Avec plusieurs collègues du service des déchets, de l’eau, de l’énergie et de l’air du canton de
Zurich (AWEL), les chercheurs ont tenté de savoir si cette méthode était adaptée à l’inventaire
des macro-invertébrés (Fig. 1). Les invertébrés tels que les larves d’éphémères, les gammares,
les bivalves ou les gastéropodes sont de précieux indicateurs de la qualité de l’eau et sont utilisés
pour les études d’écotoxicité. « Beaucoup de ces organismes sont minuscules, vivent dans de
très petites populations ou présentent un cycle de vie très complexe », ajoute le biologiste. « Ils
sont donc très difficiles à appréhender avec les méthodes classiques. »

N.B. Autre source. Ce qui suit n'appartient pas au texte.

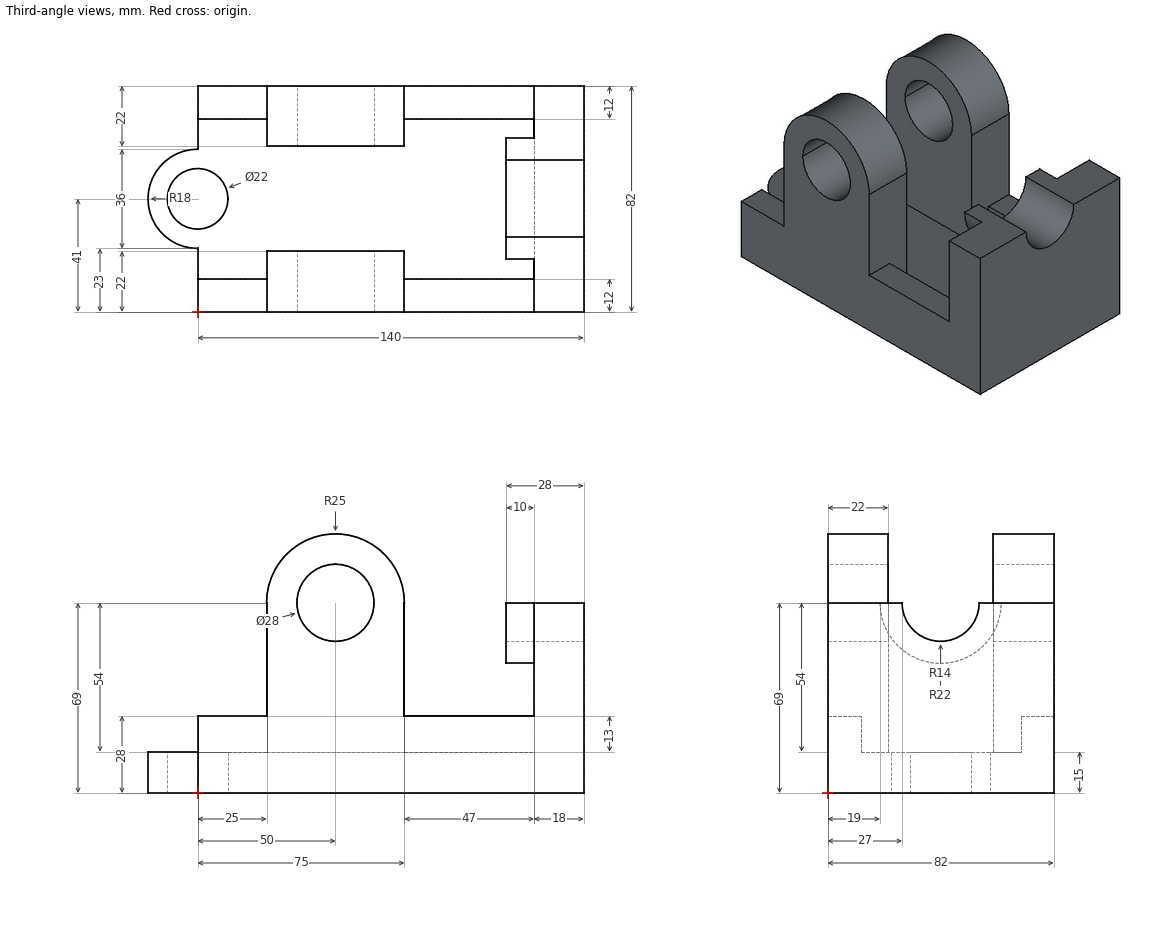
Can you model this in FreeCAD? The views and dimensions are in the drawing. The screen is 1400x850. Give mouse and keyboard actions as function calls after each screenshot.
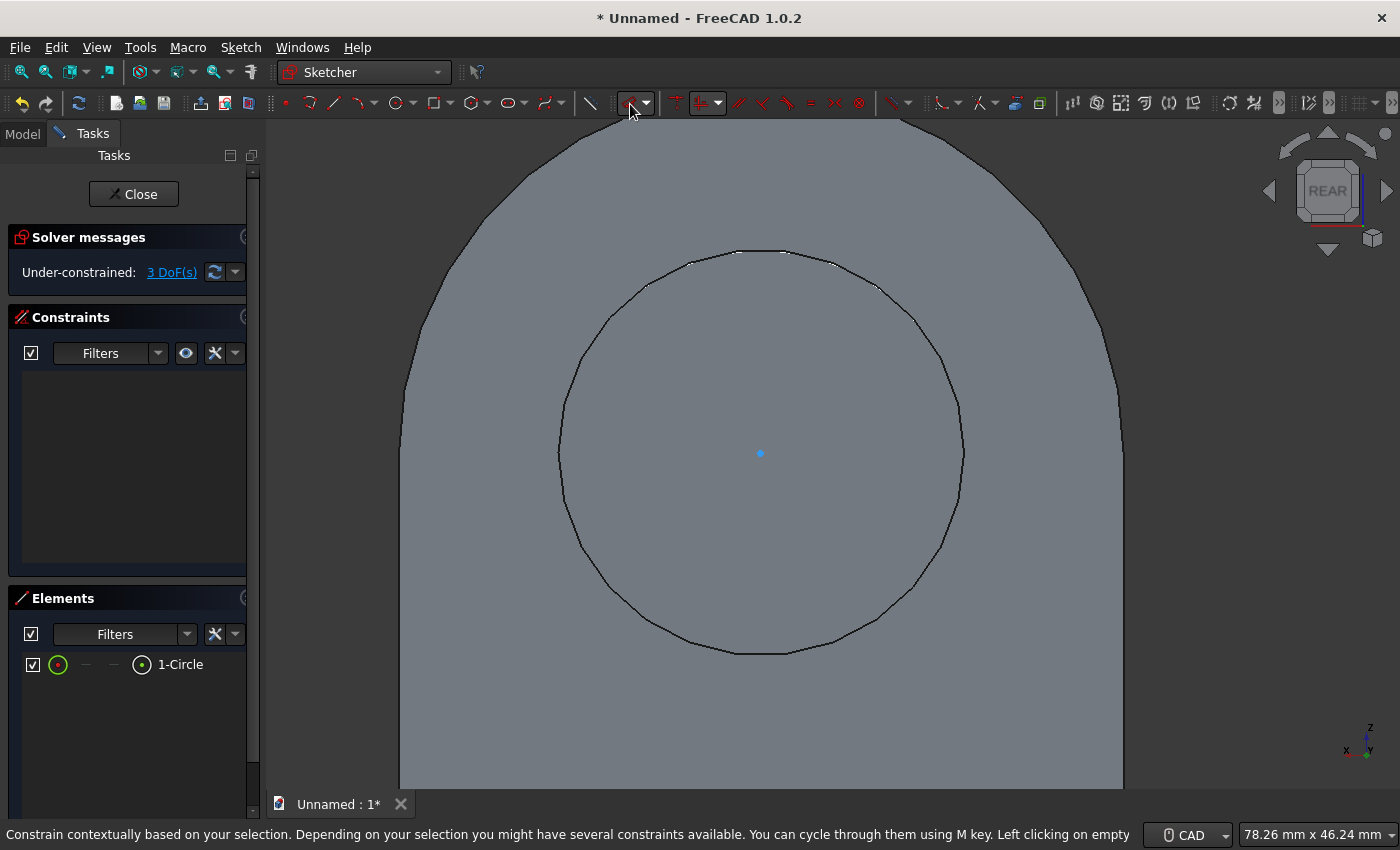
click(905, 310)
click(928, 287)

Dans le cadre de son mastère, Elvira Mächler a prélevé des échantillons d’eau de rivière ou de
lac sur 14 sites de la région zurichoise. Elle a ensuite étudié leur cocktail d’ADN en recherchant
six espèces de macro-invertébrés appartenant à six groupes phylogénétiques : quatre espèces
indicatrices, une espèce menacée et une espèce exotique. En complément, des échantillons
de faune invertébrée ont été prélevés au filet sur les mêmes sites et les espèces présentes
ont été déterminées de façon traditionnelle par un spécialiste. Les deux méthodes ont ainsi pu
être comparées.
Analyses génétiques en salle propre
Pour la détermination à l’ADN, les chercheurs ont analysé les séquences de bases du gène COI
issu des mitochondries, les organites responsables de la production d’énergie dans les cellules.

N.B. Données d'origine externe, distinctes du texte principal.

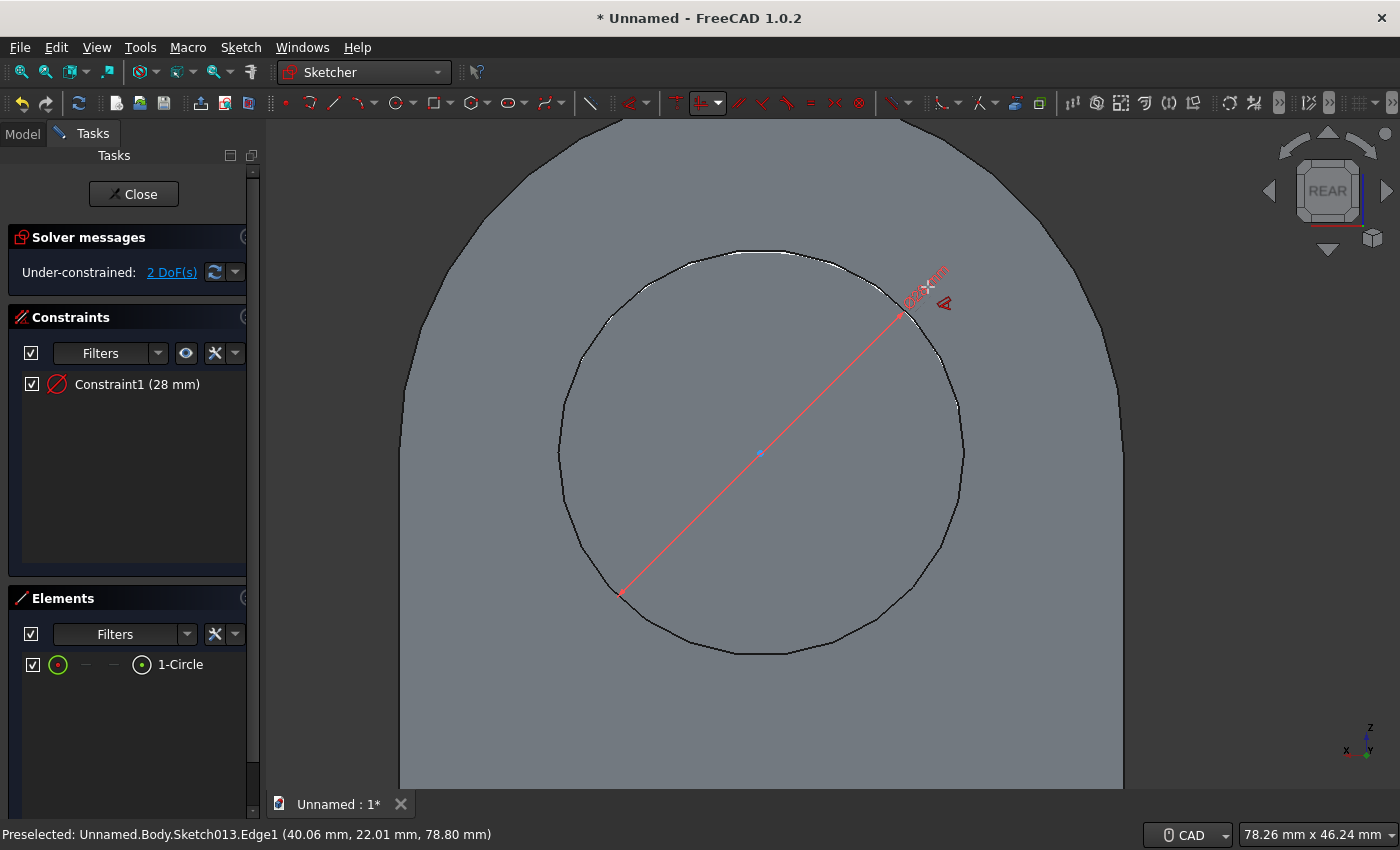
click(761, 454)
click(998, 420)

En effet, la séquence de bases d’un même gène varie d’une espèce à l’autre et ces différences
peuvent être utilisées à des fins taxonomiques. « Les cellules renferment plus de copies du gène
COI que d›autres gènes et il est donc plus facilement détectable dans l’environnement », explique Elvira Mächler. « D’autre part, la séquence de bases varie peu entre individus d’une même
espèce mais très fortement d’une espèce à l’autre, ce qui facilite le travail d’identification »,
ajoute la chercheuse.
Avant toute analyse génétique, les échantillons d›eau doivent subir un traitement spécifique (Fig.
2). L’ADN environnemental est tout d’abord séparé de l’eau à l’aide d’un filtre extrêmement fin.
Echantillon
d’eau
Visualisation
Extraction de l’ADN
Séquençage
Multiplication par PCR
Fig. 2 : Avant tout décryptage de l’ADN environnemental, les échantillons d’eau doivent être prétraités au laboratoire.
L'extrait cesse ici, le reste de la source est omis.